Chapter Twenty-Four

Bleeding From Yesterday



The day started on an early, almost serene note. Naturally, this led to general apprehension. The phone refused to ring, the doors refused to admit customers, and there had been no word from Spike in nearly thirty-six hours. None that anyone could attest as tangible. His concerns about being discovered by Angelus and the others had yet to be determined. Wright ventured to Caritas alongside Gunn half a dozen times to establish if any word had come in, but the lines of communication remained intensely and indefinitely severed.

There was one thing the four shared in spades: the communal abhorrence for being sitting ducks.

Tedium at Angel Investigations was something that hadn’t been a major concern for quite some time. Cordelia shared a few tales of similar boredom with Wright over another nutritional McDonalds breakfast, earning a grin or two to coincide with the unabated awe on his face. It was different, she knew. After having been on the road for so long, following lead after lead of new information, hearing of people who spent entire days—and weeks, pending—without anything to go on seemed damn near impossible. Especially in a city like Los Angeles.

There were other things to discuss. She shared over coffee several interesting Buffy-related stories from Sunnydale. The Graduation incident in which the entire senior class banded together to destroy a giant snake-shaped mayor. He heard of her adventures with someone named Xander Harris—on particularly eyebrow-raising story about a man made of bugs and serious smoochies in the Slayer’s basement that led to subsequent smoochies wherever dark area was located. He laughed when she told him about battling Buffy for Homecoming Queen, only to lose full count. He provided false sympathy when she related the story of finding Xander and someone named Willow involved in serious kissage while being held Spike’s prisoner, and consequentially ignored the dirty smirk she gave him in turn. He even listened to the dull-as-dust stories involving the ‘Cordettes’ and their various extravaganzas. It was all riveting. Amazing. As though something he remembered vaguely, but from a long while ago.

“You’re still very young,” he observed.

“I turned twenty last month,” she retorted with a shrug. Then her look became suspicious. “Why? How old are you?”

Wright smiled. “Well, I was married in college, was widowed three years after, and Rosie’s almost nine. You do the math.”

Cordelia made a face. “Have I mentioned that math wasn’t my best subject?”

“Only a thousand or so times.” There was a pause. “It’s considerable…the age difference.”

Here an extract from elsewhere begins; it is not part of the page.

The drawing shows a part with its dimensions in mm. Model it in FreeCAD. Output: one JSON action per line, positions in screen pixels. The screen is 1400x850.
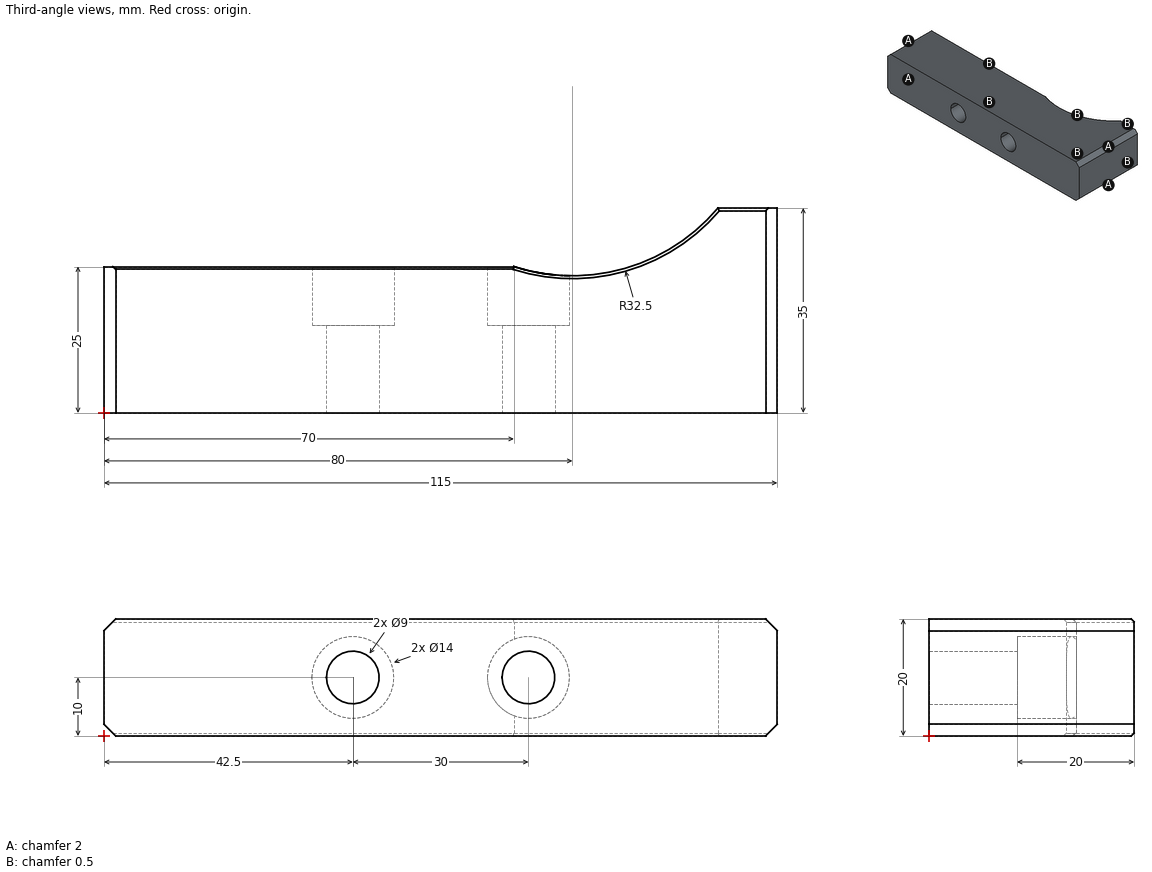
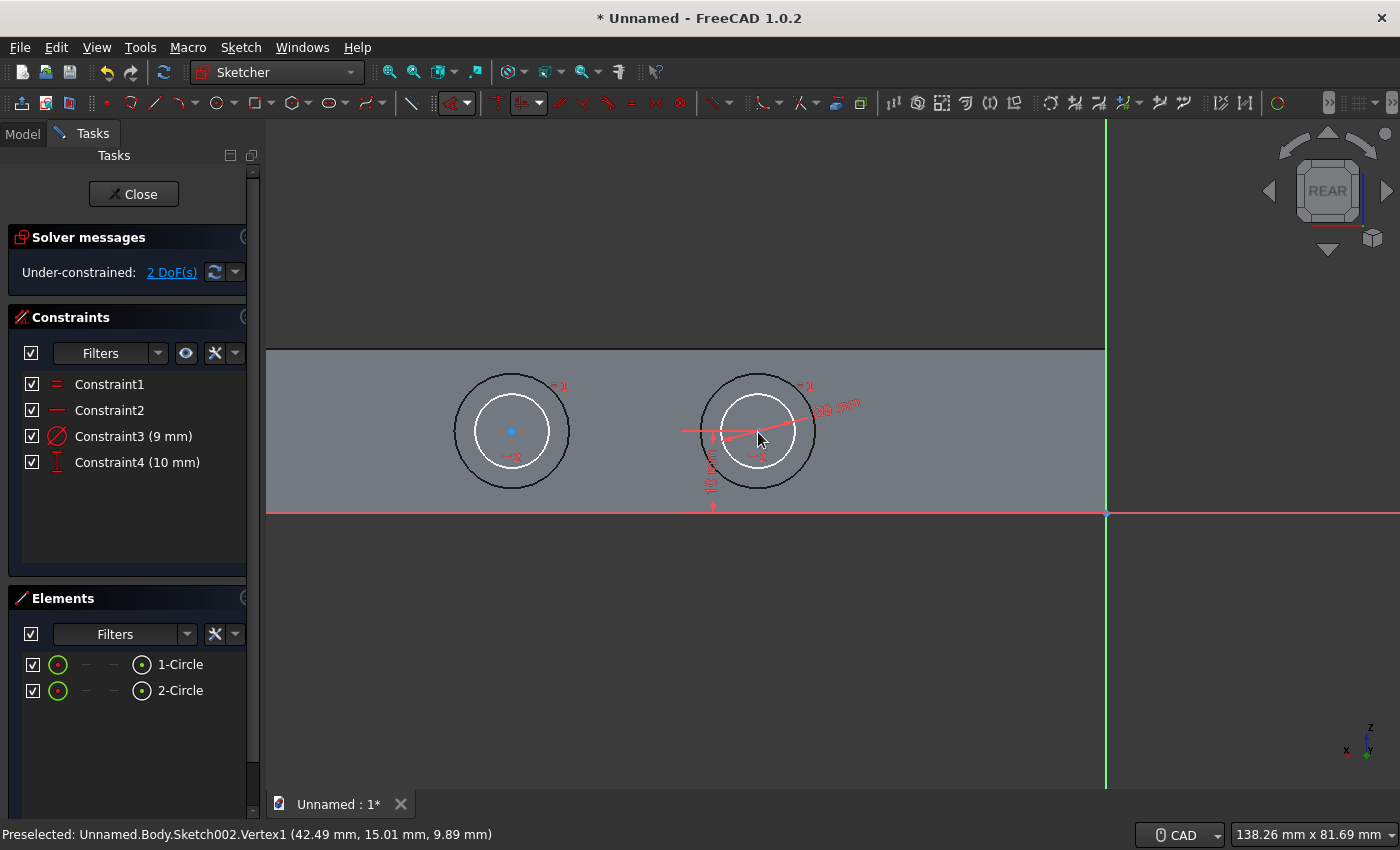
{"action": "left_click", "coordinate": [758, 431]}

“What, give or take ten years?” She looked unimpressed. “Honey, Buffy and Angel were separated by centuries.”

He flashed a cheeky grin. “Comparing us to the infamous ‘star-crossed lovers’? For shame! Were you thinking of something else?”

“Don’t call them ‘star-crossed.’ Spike’d have your head for that. Besides, I don’t think that applies when one of the aforementioned lovers is torturing the daylights out of the other.” She frowned and shook her head. “And hey—buddy—you’re the one who brought it up.”

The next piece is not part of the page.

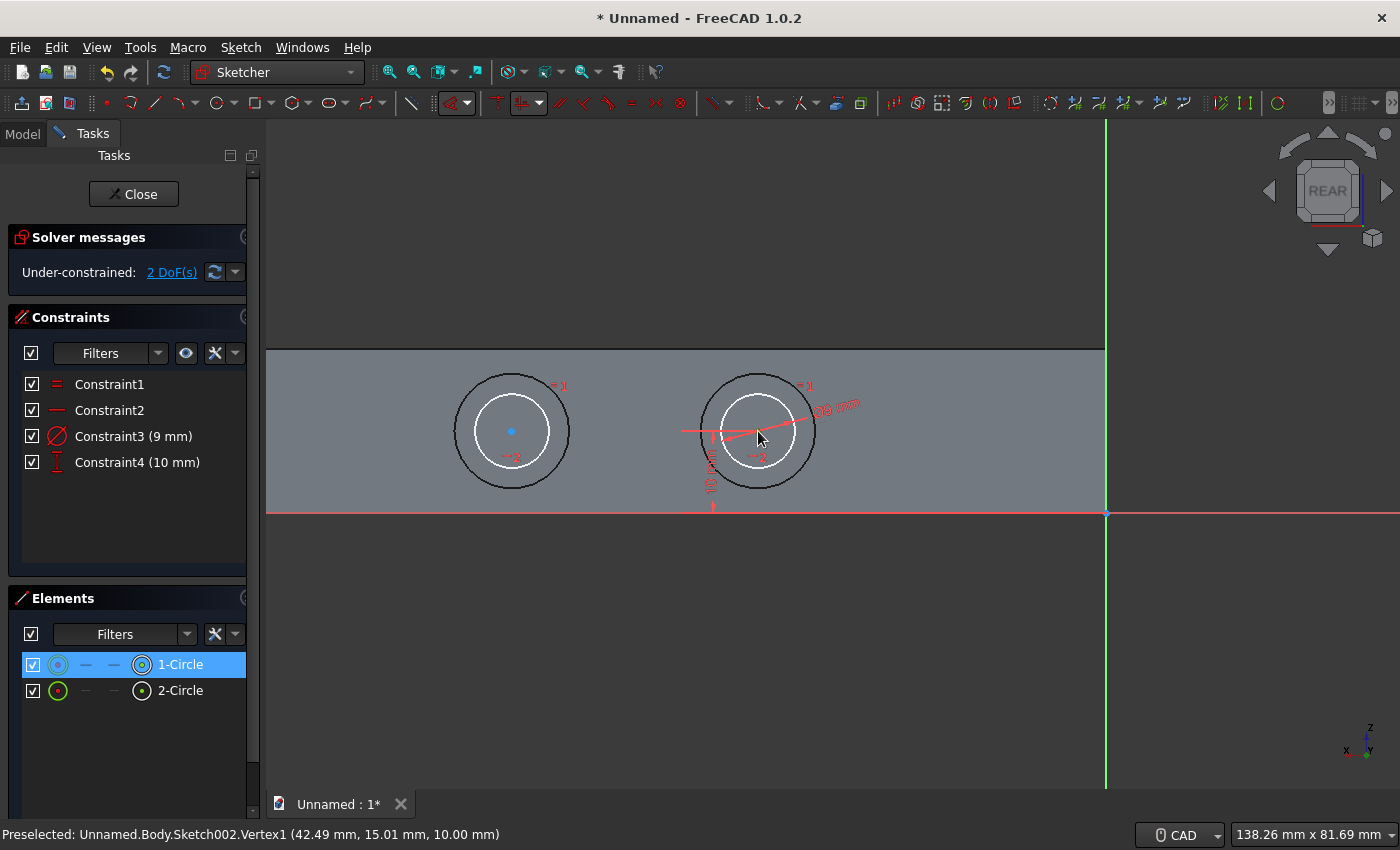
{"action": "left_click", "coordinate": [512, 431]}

“Just wanted to let you know, in case you couldn’t keep your hands off me.”

Cordelia stuck out her tongue. “Perv.”

Wright smirked, completely unashamed. “Yup. Color me one dirty old man.”

“You’re not old. Well, not really.” There was a sigh and an inevitable shrug. “Okay, so a little, considering. If you sit down and do a serious contrast and compare. But still. No big. Age wasn’t really a huge deal for me. Never was. I mean, hello. As I’ve said, Angel’s had a freakin’ bicentennial, and Spike’s gotta be way up there.”

“He’s a hundred and twenty seven,” Wright replied automatically. He ducked his head at the amazed look she gave him in turn. “Sorry. I do my homework.”

“Obviously.” Cordelia snickered. “What? Did you not have some brainy friend to copy off of?”

“I did, but he was much too honest to let me cheat. Had to make the grades, myself.”

“You see, when you live on a Hellmouth, cheating doesn’t exactly strike as a deadly sin.” She shrugged. “Ah, well. Willow never really helped me, anyway. She was always more Buffy’s friend than mine.”

“You sound like you were a very different person in high school.”

“I was a total bitch in high school.”

Wright shrugged. “Knew me a few of them.”

“Well, at least I’ve grown enough as a person that I can admit that now.”

He grinned. “Yes you can.” There was a brief but complacent silence as they considered each other—then Zack jolted to a start and flashed a glance at his watch. “Ah, fuck. I gotta run. The boys and I are gonna swing by Caritas, then do a sweep of the territory the vamps covered last night.”

“You’re going by Caritas again?”

A shrug. “Gotta at least try to keep the lines of communication open.” He was suddenly leaning over the check-in counter, scribbling something down on the first scrap of paper his fingers touched. “I don’t like the idea of leaving you alone—” he began absently.

Cordelia rolled her eyes. “Because of my spaz-fest last night? Really, I’m—”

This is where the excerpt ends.